Durante os dias que lá estávamos, fizemos churrascos,
chocolates, angu a mineira, péla égua, feijoada,
tudo para matar a fome e nos esquentar do frio, na última
noite o termômetro marcou 3 Cº dentro da barraca.
Cada um usando 3 blusas de frio, 3 calças, 3 pares de
meias, 2 pares de luvas, 1 toca, e ainda assim era possível
sentir uma pequena sensação do frio que lá
fazia.
No
dia seguinte, 30, a visita foi ao Vale Encantado, um Vale com
contínuas cachoeiras, onde a água marca seus –
3 Cº (aprox.), que mesmo com essa temperatura baixa, Evaristo
e Samir foram os corajosos que entraram de mergulho nas águas
cristalinas do Vale. Naquela tarde podemos também assistir
aos saltos de parapente que alguns esportistas estavam realizando
próximo ao acampamento. Por volta de 1859, D. Pedro II
ordenou que fosse colocada na parte mais alta do Caparaó
uma bandeira do Brasil, daí surgiu o nome Pico da Bandeira,
bandeira esta que se acabou devido aos turistas que lá
chegavam cortarem um pedaço dela para guardar de recordação.
Descendo
do parque paramos ainda para visitar o Vale Verde, visita essa
que não demorou muito devido o anoitecer, o que não
nos possibilitou uma vista clara do ambiente. Mas como todos
já conheciam bem o parque ficamos tranqüilos, a
não ser Samir que só poderá ver o Vale
Verde agora na próxima ida ao Parque. Terminamos de descer
para o portal, onde fizemos à última foto no Parque.

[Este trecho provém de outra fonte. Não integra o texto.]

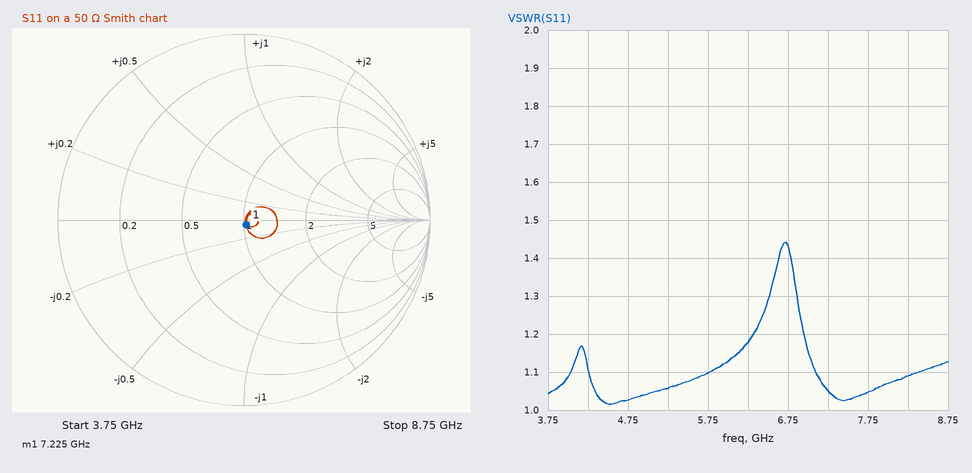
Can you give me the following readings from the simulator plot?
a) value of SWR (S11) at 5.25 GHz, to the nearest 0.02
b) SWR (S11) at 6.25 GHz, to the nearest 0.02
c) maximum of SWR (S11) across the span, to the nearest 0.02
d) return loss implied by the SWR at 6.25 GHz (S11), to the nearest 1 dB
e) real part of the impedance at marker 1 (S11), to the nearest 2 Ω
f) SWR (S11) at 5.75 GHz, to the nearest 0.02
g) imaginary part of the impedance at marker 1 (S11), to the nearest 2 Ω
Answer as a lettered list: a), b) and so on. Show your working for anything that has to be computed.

a) 1.06
b) 1.18
c) 1.44
d) −20 log10((1.18 − 1)/(1.18 + 1)) ≈ 22 dB
e) 52 Ω
f) 1.10
g) -2 Ω

Logo entramos nos carros e partimos atrás de uma boa
pizzaria que fomos encontrar apenas em Espera Feliz –
MG,saboreamos duas belas pizzas Portuguesas, depois passamos
na cidade de Guaçuí – ES para ver a movimentação
do show do Calypso e em seguida voltamos para Calçado
aonde chegamos às 00 horas e 20 minutos. (Mais fotos
no fash broinha)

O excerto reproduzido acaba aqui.